Thank you for this library. I'm interested to use this package to estimate threshold for a three-way admixed population: afr amer, native, and European in hispanics. I've very limited knowledge of gds data and perhaps the reason for the error I've.

The haplotype per ancestry were derived using RFMIX, V1 and phased using SHAPEIT2. Also, I've per person global ancestry AFR, NAT and CEU.
Also, I've dataframe per chromosome that contains centi morgan information per input marker. I'd like to check the correlation for the ancestry proportion and inferred haplotypes for which I'm using get_corr_chr function.

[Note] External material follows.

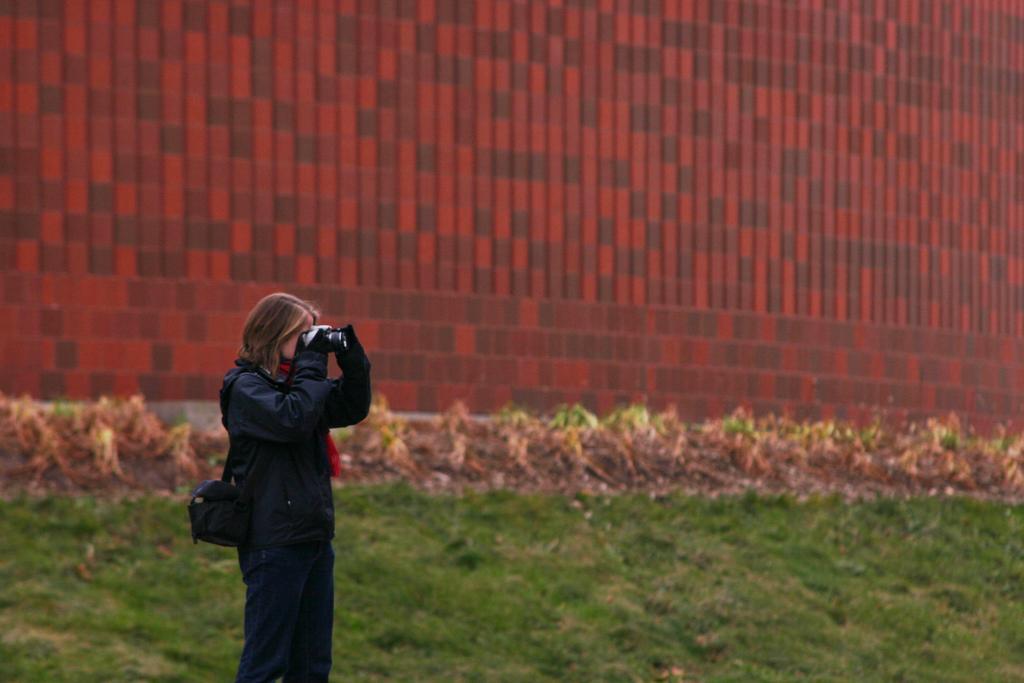In one or two sentences, can you explain what this image depicts? There is one woman standing on a grassy land and holding a camera at the bottom of this image. There is a wall in the background. 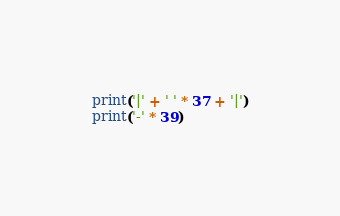Convert code to text. <code><loc_0><loc_0><loc_500><loc_500><_Python_>print('|' + ' ' * 37 + '|')
print('-' * 39)
</code>

I have gds file per CHR that consists ancestral dosage. That is for example, CHR22, has snp info, dosage_ceu, dosage_nat and dosage_afr

|--+ snp.chromosome   { Int32 5979, 23.4K }
|--+ dosage_ceu   { Int32 5979x10758, 245.4M }
|--+ dosage_nat   { Int32 5979x10758, 245.4M }
|--+ dosage_afr   { Int32 5979x10758, 245.4M }
|--+ sample.id   { Int32,factor 10758, 42.0K } *
|--+ snp.id   { Int32,factor 5979, 23.4K } *
\--+ snp.position   { Float64 5979, 46.7K }

using the above data, I use function as

tempgds <- openfn.gds(file.gdsdosage) #read gds and extract
afr_gds <- read.gdsn(index.gdsn(tempgds, "dosage_afr"))  
nat_gds <- read.gdsn(index.gdsn(tempgds, "dosage_nat")) 
ceu_gds <- read.gdsn(index.gdsn(tempgds, "dosage_ceu"))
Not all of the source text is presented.